33 I am not bound by submissions made by either party as to the sentence required in this case. I must exercise my own sentencing discretion
Background
34 Before dealing with these various submissions made by the parties, I want to turn briefly to your personal background. There is much detail before me as to that background, including in the various reports placed before the court. I see no need to set out all of that detail, as I have no reason to doubt it at all. Nor is there any reason for me to doubt that the principles from the cases of Bugmy[4] and Hermann[5] and that line of authority are enlivened in this case. So I will act on that material and I provide really only the briefest of summaries at this point.
[4]Bugmy v The Queen [2013] HCA 37; 249 CLR 571 (‘Bugmy’)
[5]DPP v Herrmann [2021] VSCA 160 (“Hermann”)

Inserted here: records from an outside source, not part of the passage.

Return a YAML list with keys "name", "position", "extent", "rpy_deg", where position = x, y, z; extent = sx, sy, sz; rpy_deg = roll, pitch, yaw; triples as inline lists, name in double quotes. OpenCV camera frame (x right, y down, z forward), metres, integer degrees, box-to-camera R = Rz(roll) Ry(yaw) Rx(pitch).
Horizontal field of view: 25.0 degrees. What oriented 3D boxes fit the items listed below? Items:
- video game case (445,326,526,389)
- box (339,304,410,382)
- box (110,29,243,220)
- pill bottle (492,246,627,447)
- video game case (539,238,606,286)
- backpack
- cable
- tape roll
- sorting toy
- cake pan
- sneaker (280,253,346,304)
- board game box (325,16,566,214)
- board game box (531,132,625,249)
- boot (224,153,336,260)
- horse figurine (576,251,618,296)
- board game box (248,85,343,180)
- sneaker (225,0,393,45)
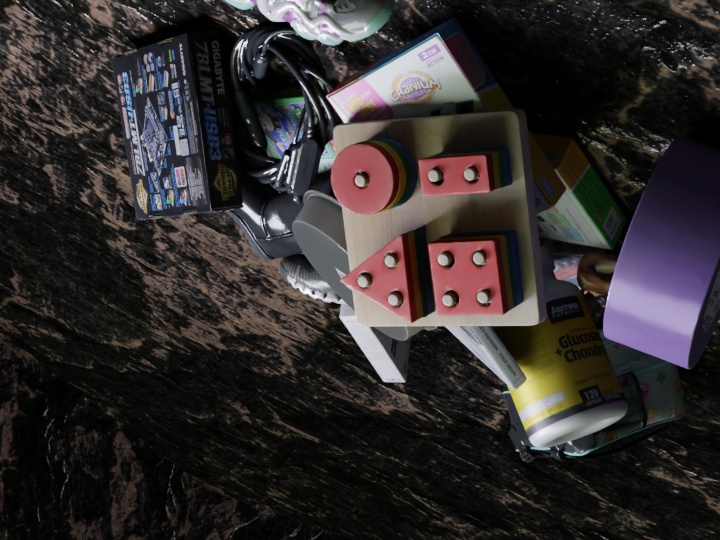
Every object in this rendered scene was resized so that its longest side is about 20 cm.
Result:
- name: "video game case"
  position: [0.080, 0.020, 1.701]
  extent: [0.182, 0.023, 0.200]
  rpy_deg: [52, 175, -38]
- name: "box"
  position: [0.025, 0.041, 2.117]
  extent: [0.036, 0.144, 0.200]
  rpy_deg: [-2, 151, 17]
- name: "box"
  position: [-0.210, -0.161, 1.853]
  extent: [0.050, 0.200, 0.198]
  rpy_deg: [-10, -177, -31]
- name: "pill bottle"
  position: [0.201, 0.081, 1.743]
  extent: [0.112, 0.112, 0.200]
  rpy_deg: [110, 141, -71]
- name: "video game case"
  position: [0.169, 0.011, 1.879]
  extent: [0.182, 0.023, 0.200]
  rpy_deg: [2, 156, -9]
- name: "backpack"
  position: [0.294, 0.149, 2.000]
  extent: [0.200, 0.153, 0.176]
  rpy_deg: [-6, 175, -27]
- name: "cable"
  position: [-0.088, -0.181, 1.744]
  extent: [0.163, 0.051, 0.200]
  rpy_deg: [48, 142, 36]
- name: "tape roll"
  position: [0.300, -0.016, 1.498]
  extent: [0.085, 0.200, 0.200]
  rpy_deg: [22, 161, 18]
- name: "sorting toy"
  position: [0.061, -0.041, 1.523]
  extent: [0.199, 0.200, 0.070]
  rpy_deg: [-2, -169, 31]
- name: "cake pan"
  position: [0.000, 0.000, 1.721]
  extent: [0.200, 0.037, 0.200]
  rpy_deg: [43, 166, 13]
- name: "sneaker"
  position: [-0.003, -0.001, 1.906]
  extent: [0.200, 0.066, 0.091]
  rpy_deg: [20, 116, 26]
- name: "board game box"
  position: [0.082, -0.124, 1.569]
  extent: [0.153, 0.040, 0.200]
  rpy_deg: [-24, 106, 39]
- name: "board game box"
  position: [0.161, -0.092, 1.714]
  extent: [0.200, 0.040, 0.153]
  rpy_deg: [12, 156, 38]
- name: "boot"
  position: [-0.078, -0.085, 1.837]
  extent: [0.200, 0.066, 0.165]
  rpy_deg: [-3, 131, 54]
- name: "horse figurine"
  position: [0.282, 0.011, 1.750]
  extent: [0.132, 0.050, 0.200]
  rpy_deg: [12, -178, 22]
- name: "board game box"
  position: [-0.040, -0.118, 1.848]
  extent: [0.135, 0.029, 0.200]
  rpy_deg: [2, 127, 47]
- name: "sneaker"
  position: [-0.073, -0.283, 1.490]
  extent: [0.200, 0.078, 0.140]
  rpy_deg: [17, 160, 26]

35 You were born in August 2001; you are now 21 years of age. You were born and raised in the Geelong region. You have an older sister, an older half-sister and younger half-brother. Your early years were pretty chaotic and unstable. Your parents, certainly your father, had issues with drugs. There was some violence in the family home and your father was imprisoned from time to time, including for violence committed upon your mother. You had not seen him for many years at the time of Ms Lechner's report commissioned back in 2015. There is also reference in some of the materials to protective concerns and a range of notifications that had been made to child protection agencies. It is pretty obvious that your needs were not being met.

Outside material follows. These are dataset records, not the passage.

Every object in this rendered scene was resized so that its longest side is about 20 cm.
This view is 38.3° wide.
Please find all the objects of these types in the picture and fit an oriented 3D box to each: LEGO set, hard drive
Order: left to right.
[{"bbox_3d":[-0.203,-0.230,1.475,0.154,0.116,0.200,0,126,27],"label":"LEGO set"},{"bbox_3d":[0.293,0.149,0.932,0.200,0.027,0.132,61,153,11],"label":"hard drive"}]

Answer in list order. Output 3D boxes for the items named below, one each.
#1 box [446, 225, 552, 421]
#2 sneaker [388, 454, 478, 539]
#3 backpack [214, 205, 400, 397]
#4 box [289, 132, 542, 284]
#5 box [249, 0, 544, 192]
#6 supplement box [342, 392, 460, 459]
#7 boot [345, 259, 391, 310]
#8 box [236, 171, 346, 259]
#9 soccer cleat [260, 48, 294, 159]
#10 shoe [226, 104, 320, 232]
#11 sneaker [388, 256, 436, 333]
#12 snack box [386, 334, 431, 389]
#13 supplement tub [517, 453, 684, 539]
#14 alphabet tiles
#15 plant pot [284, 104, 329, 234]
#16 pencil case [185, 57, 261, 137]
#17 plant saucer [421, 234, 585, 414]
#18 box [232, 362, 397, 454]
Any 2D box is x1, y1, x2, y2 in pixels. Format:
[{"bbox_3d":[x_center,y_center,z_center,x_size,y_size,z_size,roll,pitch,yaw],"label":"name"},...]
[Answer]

36 You have in this way then been exposed in your formative years to drug use and also to some level of domestic violence. There were some breaks from that, with one of your mother's ex-partners said to be a better role model for at least a handful of years. You have a mild intellectual disability and I have the various reports, some of them historical, which spell out the existence and the extent of that intellectual disability. After a diagnosis of intellectual disability was made in your primary schooling, you were then transferred to a special school where you stayed until part way through Year 8. I note from Ms Lechner's report that your mother attended the same special school. Ms Lechner also mentions a diagnosis of ADHD.
37 You have had some very brief periods of casual employment, generally in unskilled labouring jobs. When not in custody you have been on Centrelink benefits. There has been a lengthy and problematic drug use history, significant alcohol use and problematic cocaine and ecstasy use. Ms Evans believes you minimise your drug use. You have poor insight into the negative impact of drug and alcohol abuse. There is a depressing aspect of your not knowing any other life than the life that you are currently leading. You say, for instance, that prison feels like home. See Dr Evans' 2023 report p5, paragraph 14. It is troubling that you feel that way and of course one always hopes to avoid a person becoming institutionalised, especially a young person. You are naïve and lacking in empathy and you are still very immature and also impulsive. You have a poor capacity to reflect on your actions and to modify what are firmly entrenched offending behaviours. See paragraph 16 of that same report. You have an obviously high risk of reoffence.
38 You have a worrying criminal history. There is no point in my conducting in these reasons a full audit of that long history before the courts. It is sufficient to say that it is obviously relevant to my task. You have had very many appearances over the years. Many of them were in the Children's Court where every effort was taken to avoid detaining you. Every effort failed as you breached order after order. You were committing burglaries when you were about 13 or 14. Your first aggravated burglary was dealt with in 2017. Your first term of detention was in 2018 for, amongst other offences, your third aggravated burglary. That was followed by further periods of detention, then of course prison inevitably beckoned. So there are many serious offences, including some dealt with in the adult court. You received a head sentence and non-parole period in November 2021 for a variety of offences including your 10th aggravated burglary. That is not a misprint; 10 prior convictions for aggravated burglary.
39 Your counsel told me that they typically involved entry with intent to steal in the early hours where persons were present, and the motivation was to obtain the keys to the vehicle. There are also serious driving offences and other serious offences such as a robbery and attempted robbery. Also, by my reckoning, eight or so burglaries or attempted burglaries and 18 or so car thefts. So it seems at least in the materials before me that court orders are of no consequence to you at all. You just breach them, offending when you feel like it, driving whenever you feel like. You had only been out of custody for a few months and also had been bailed in July 2022 and yet you still offended despite residential conditions and the existence of a curfew and family support.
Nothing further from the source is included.